Nasîruddîn Mahmûd’a; “Dervişlerin hâli nedendir ve nasıldır?” diye sorulunca, buyurdu ki: “Hâl, doğru amellerin netîcesindendir. Amel iki kısımdır. Biri beden ile olan amel olup, herkesin malûmudur. Diğeri kalbin amelidir. Buna murakabe derler. Murakabe; kalbinde Allahü teâlânın seni gördüğü ve sana baktığı düşüncesini dâima bulundurmandır. Önce nurlar, ruhlara inerler. Sonra onun eseri kalblerde, ondan sonra bedende zahir olur. Beden, kalbe tâbidir. Kalb harekete gelince, beden de hareketlenir. Eğer derviş aç uyur, gece yarısında kalkar ibâdetle meşgul olur ve kalbi hiç bir şeye bağlamaz ise, nurların ruhlara inişini müşahede eder. İsterse şimdi bir kimse gitsin kalbinden bütün düşünceleri çıkarsın, mücâhedeyi seçsin bu hâller onda hâsıl olur. Bunda şüphe yoktur” buyurdu. Sonra şu beyti okudu:
“Eğer kusur varsa, oluyor gözden,
Yoksa, yârim gizli değil
kimseden.”
Sultânın me’mûrlarından olan bir talebesine buyurdu ki: “Evindeki atların, hizmetçilerin, dinarların ve dirhemlerin bir gün senden alınacağını bilmelisin. O hâlde, ilâhî irâde ile elinden alınacak şeyler için niye endişe ediyorsun? Onlar için endişe etmek faydasız değil mi? Asıl ebedî olan şeyler için endişe etmelisin. Gözlerimizin önünden kimlerin geçtiğini ve onlardan kaç tanesinin göçüp gittiğini iyice düşünmelisin. Onlar bizden öndeydiler ve bizden önde gittiler.”
Bir kimsenin mesleğini ve Kur’ân-ı kerîmi ezberlemiş olduğunu öğrenince, buyurdu ki: “Bir kimse evde veya çalışırken veya dolaşırken Kur’ân-ı kerîmi okursa, onun işi ve mesleği ona bir mâni, (engel) teşkil etmez. Aslında o bir sûfidir.” Daha sonra Şeyh Sa’dî’nin şu beytini okudu:
“İlâhî âşıkların muradı, elbiselerin dış görünüşünde
değildir,
Sultân hizmetinde bile olsan sûfî olmak elindedir.”
Nasîruddîn Mahmûd, Mütevâziliği ve hocasına bağlılığını karşılaştığı bâzı hâdiselerde de açıkça ortaya koyardı. Bir gün Hâce Behâüddin Zekeriyyâ’nın talebelerinden Hâce Muhammed, Nizâmüddîn Evliyâ’nın dergâhında misafir olarak bulunuyor idi.. Teheccüd namazı için uyanmış ve paltosunu mescide bırakıp abdest almaya gitmişti.
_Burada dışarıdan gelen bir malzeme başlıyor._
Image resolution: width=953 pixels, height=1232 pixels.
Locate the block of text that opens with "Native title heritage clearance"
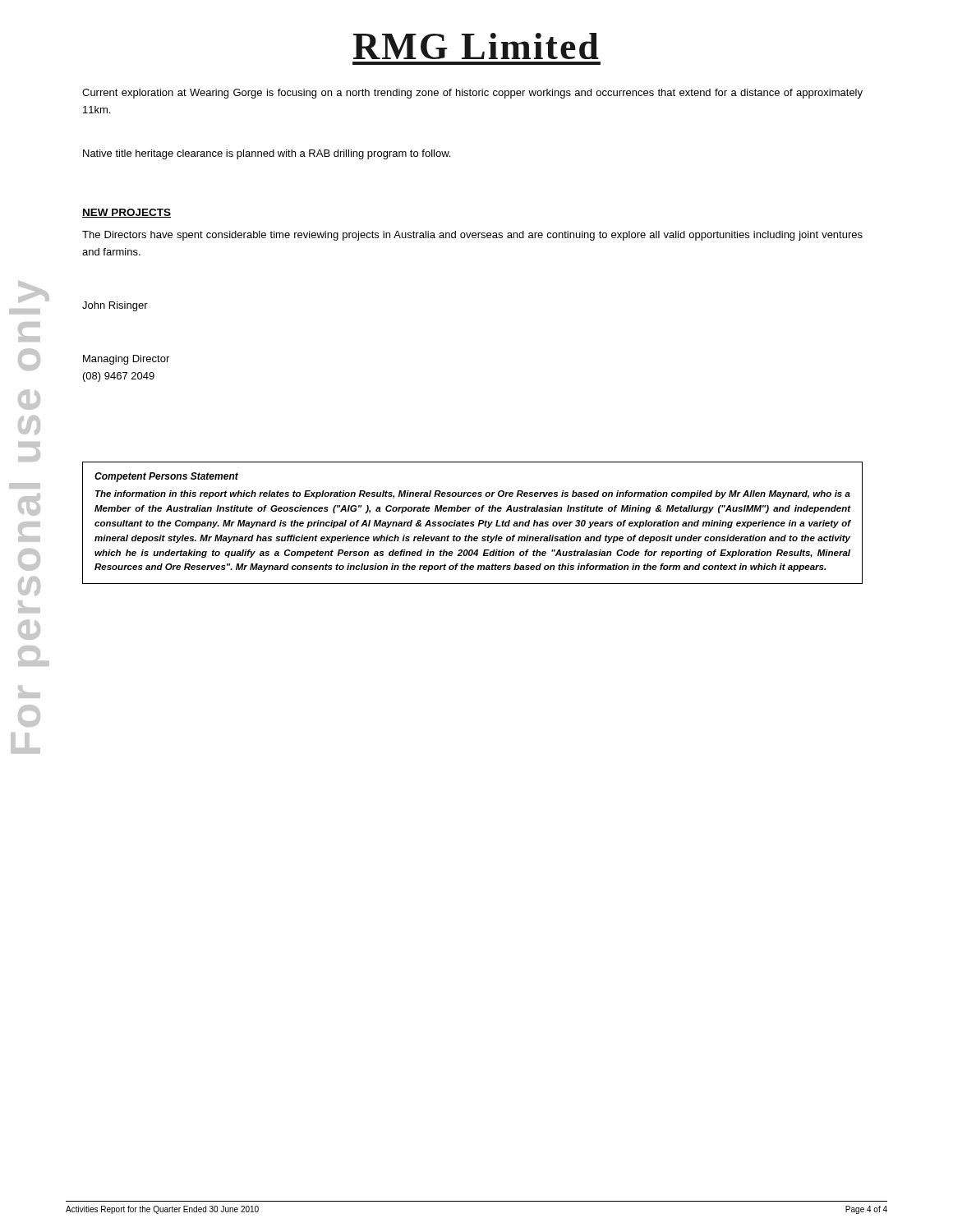267,153
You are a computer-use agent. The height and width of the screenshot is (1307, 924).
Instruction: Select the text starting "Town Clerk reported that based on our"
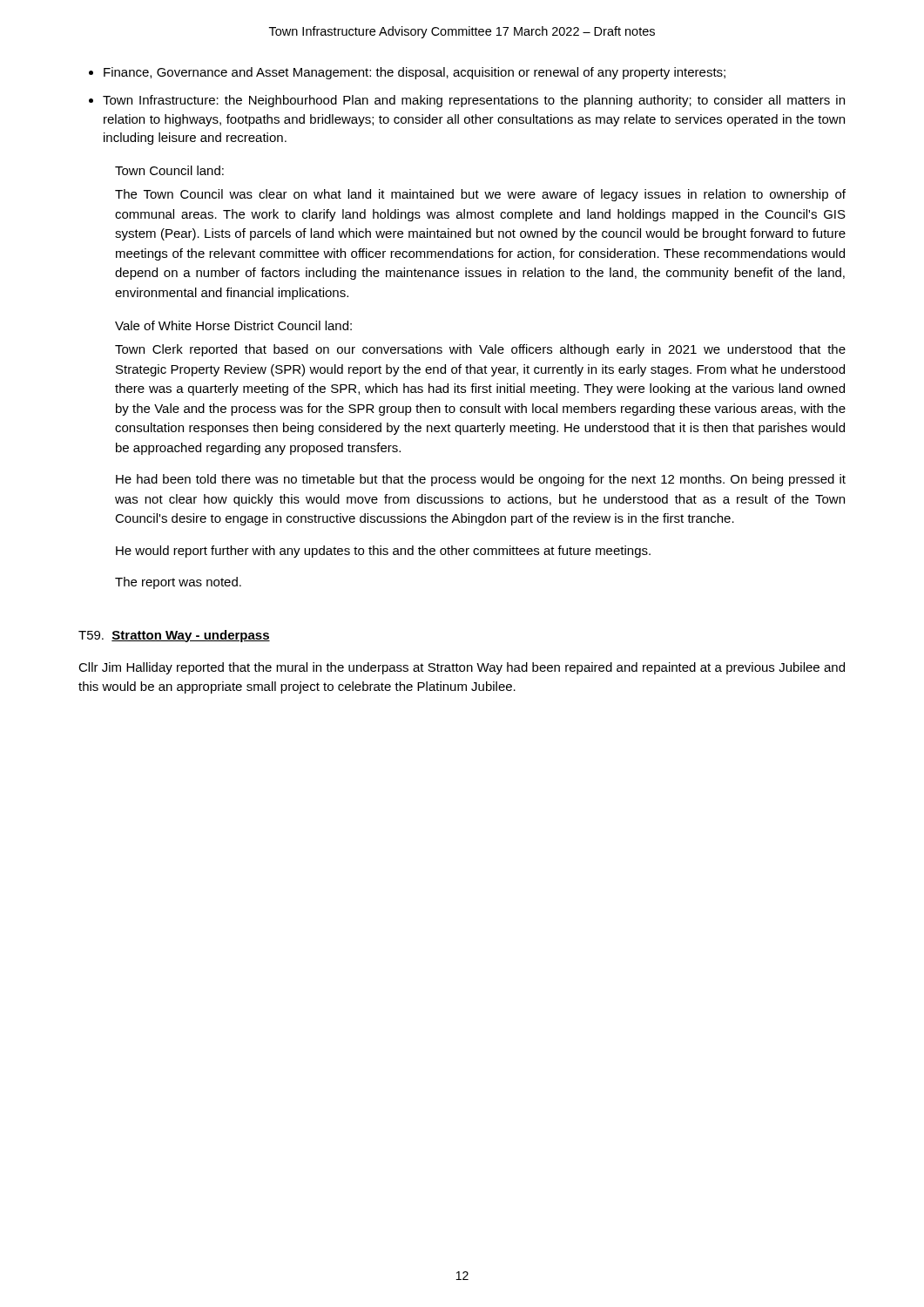pyautogui.click(x=480, y=398)

Fakat dönüşte paltosunu yerinde bulamadı ve kızgınlıkla bağırmaya başladı. Nasîruddîn Mahmûd bu gürültüden şaşkına dönüp, gecenin bu vaktinde hocası Nizâmüddîn Evliyâ’nın bu seslerden rahatsız olacağını düşünerek, Muhammed Kâzerûnî’nin kızgınlığının geçmesi için, hemen paltosunu çıkarıp ona verdi. Ertesi sabah, olup bitenler Nizâmüddîn Evliyâ’ya anlatılınca, Nasîruddîn Mahmûd’u yanına çağırdı ve ona yeni bir palto hediye ederek, dua etti.